A steady increasing competitive pressure in connection with the target of cost savings in companies requires a development of innovative solutions for products, plants and production methods in manufacturing industry. To achieve an efficient handling of the high complexity of the developed new methods and techniques, a detailed planning has to be processed already before realization.

According to the definition of REFA, the term of planning involves the systematic search and determination of targets as well as tasks and resources to reach these targets (REFA, 1985). The procedure of planning is supported by several specific software solutions (Beck, 1990; Fischer, 1990). In this connection the virtual product (Gausemeier, Ebbesmeyer & Kallmeyer, 2001) is developed in the task of Digital Manufacturing and Production (Walter, 2002). The virtual product exists in the form of a realistic, integrated computer model. Depending on the respective context, it may represent a singular part up to an entire assembly and includes all required functions for the support of design, engineering, planning, simulation, production as well as service. Apart from this definition, the term of Digital Manufacturing and Production is described as a realistic, integrated computer model of a production site containing singular processes up to the entire factory. It further includes all necessary functions for the support of planning, simulation, engineering, production as well as control and maintenance (Walter, 2002).

Task of production planning is to develop not only the product itself. Production planning further concerns the development of the production process (Gausemeier, Ebbesmeyer & Kallmeyer, 2001). Several existing regulations are valid for running production plants and even have to be considered in the state of planning (Schmigalla, 1995): Plants requiring monitoring, for instance, are defined in trade regulations. Furthermore, regulations related to the prevention of accidents are specified by the Association of Commercial and Industrial Workers’ Compensation Insurance Carriers. A consideration of significant constraints of these regulations is even possible in the state of planning plants and business units. Further, several regulations concerning the operation of electrical plants or the use of inflammable liquids influence the planning of plants and production processes (Schmigalla, 1995).
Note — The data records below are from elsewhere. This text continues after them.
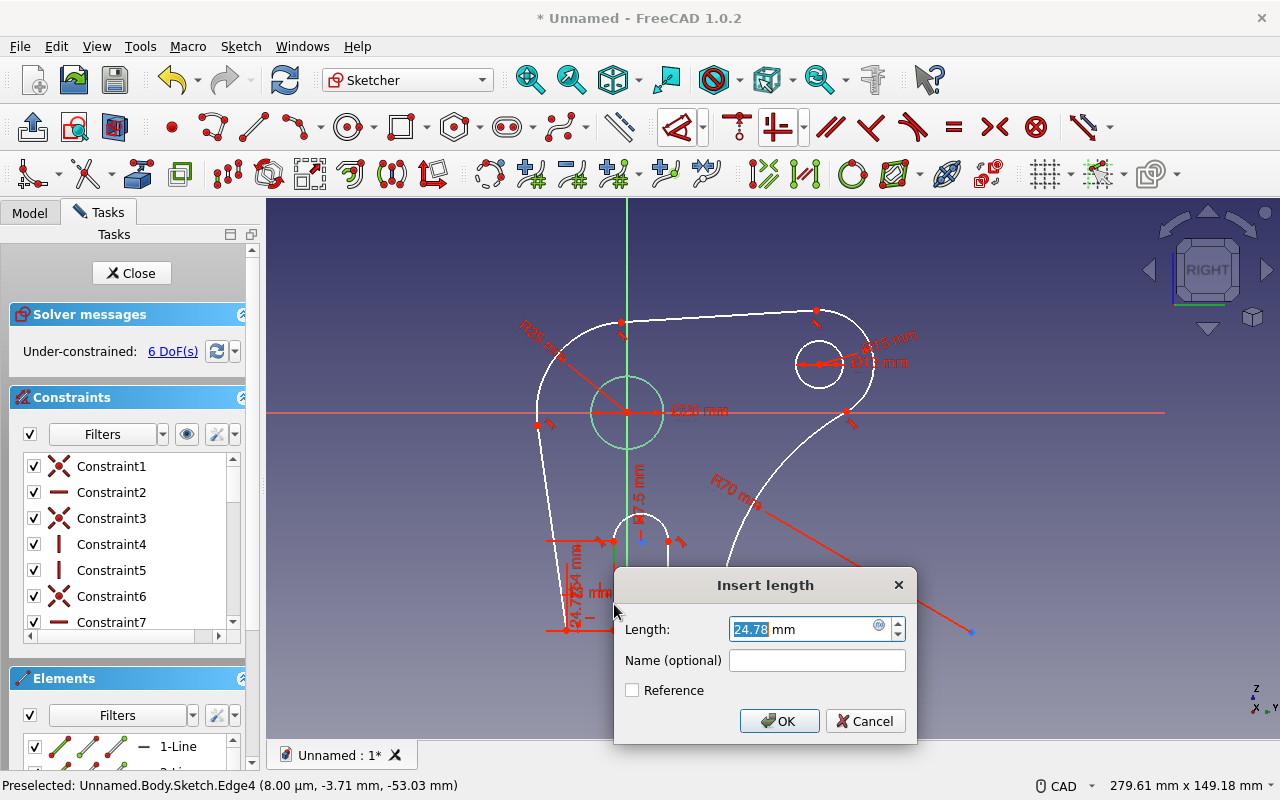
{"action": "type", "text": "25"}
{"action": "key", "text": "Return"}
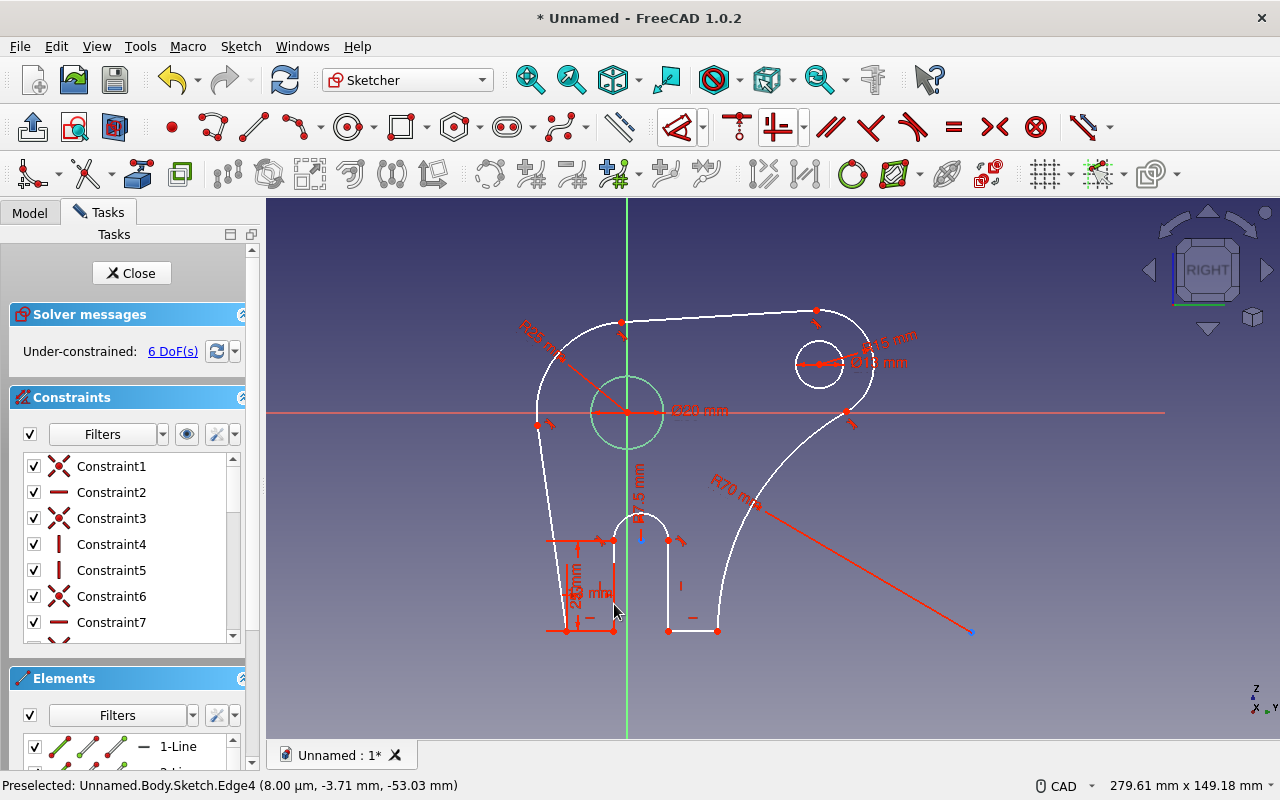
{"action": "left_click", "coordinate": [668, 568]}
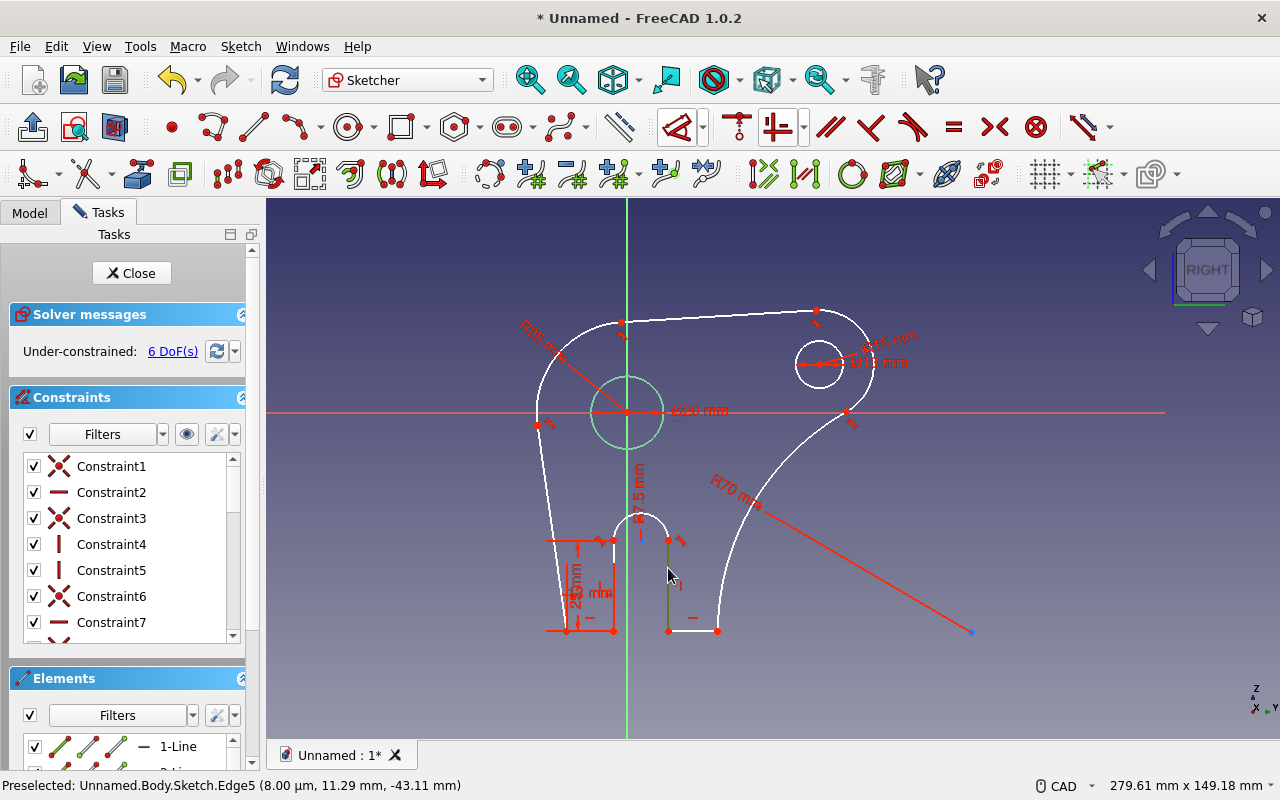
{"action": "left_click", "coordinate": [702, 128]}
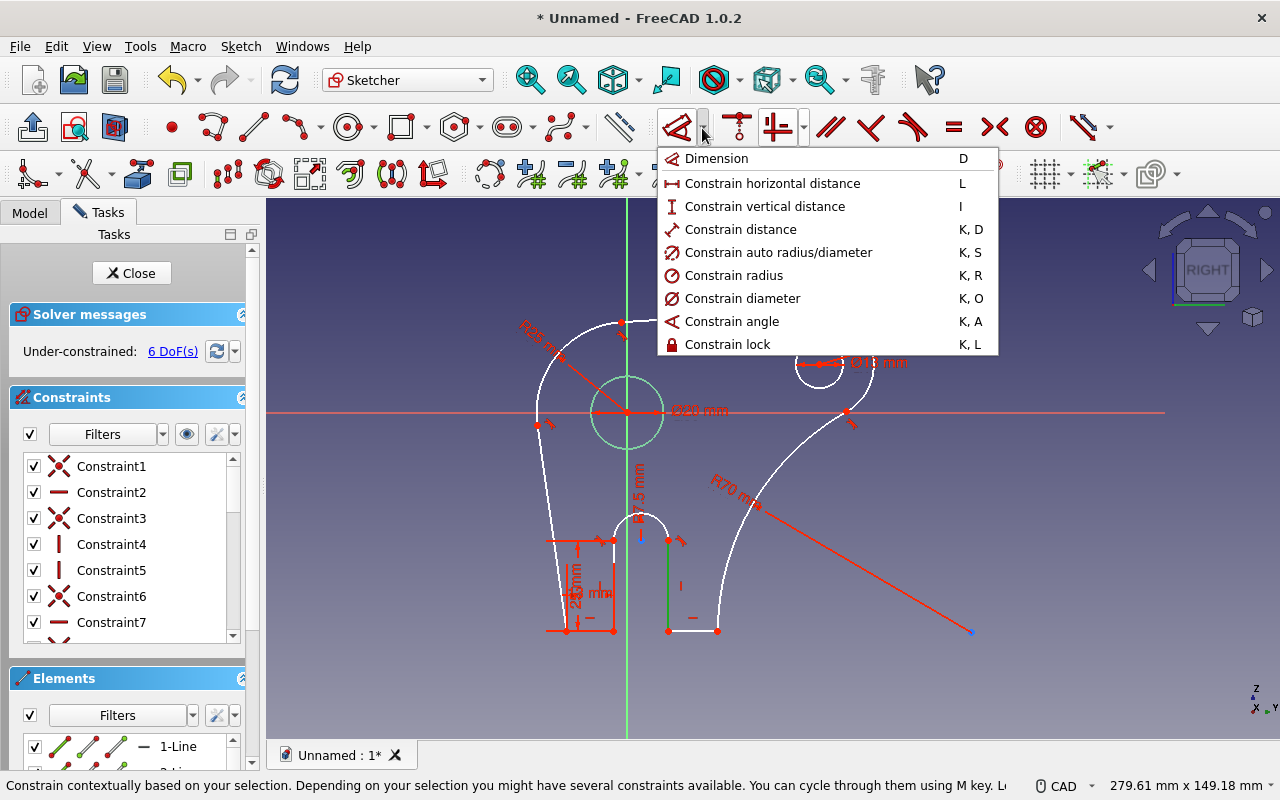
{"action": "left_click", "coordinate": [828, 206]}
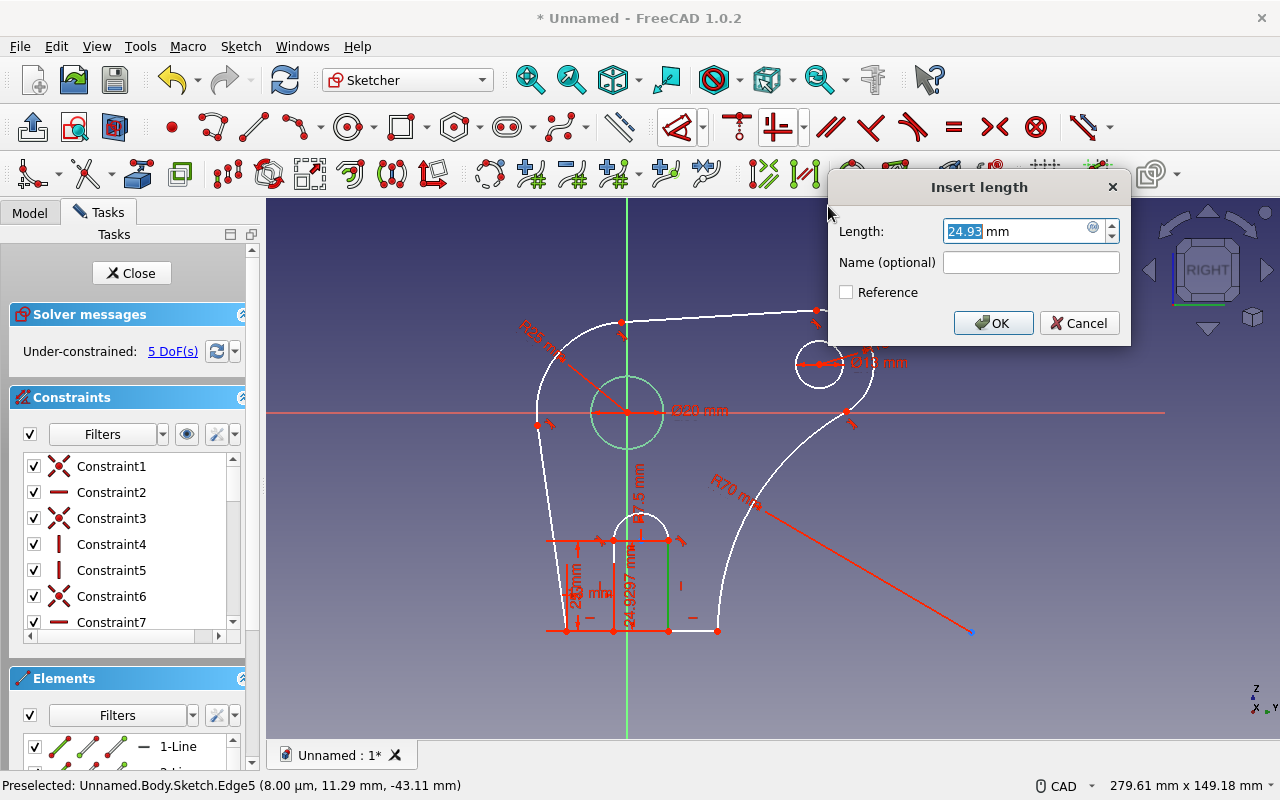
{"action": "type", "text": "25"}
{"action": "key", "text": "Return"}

Apart from the mainly technical view, production planning over and above that proceeds referred to environment, taking related laws and regulations into account. In this respect the German law “Bundes-Immissionsschutzgesetz” represents an example, as a significant part of this act contains the aspect of building and running plants that require official authorization (Marx Gómez, Grünwald, Griese, Petri, Rosenau-Tornow & Eppers, 2004; von Blumenthal, 2002). Further fields of application constitute the usage of hazardous substances or water-polluting substances that are regulated by specific environmental laws as well: Typical examples are the German regulation concerning hazardous substances (GefStoffV) and the regulation for plants concerning water-polluting substances (VAwS). Requirements related to industrial safety and health care additionally have to be considered in the planning process. The term of industrial safety contains all the actions for protecting life and health of the working employees, to preserve their working capacity as well as to organize the work in a human way. A main target in this connection is the prevention of accidents at work as well as occupational illness that can especially be achieved by a safe design of the technical equipment and precautions in employing. Precautions concerning dangerous plants, material or radiation represent examples in this case (von Blumenthal, 2002; Frolov, 2003).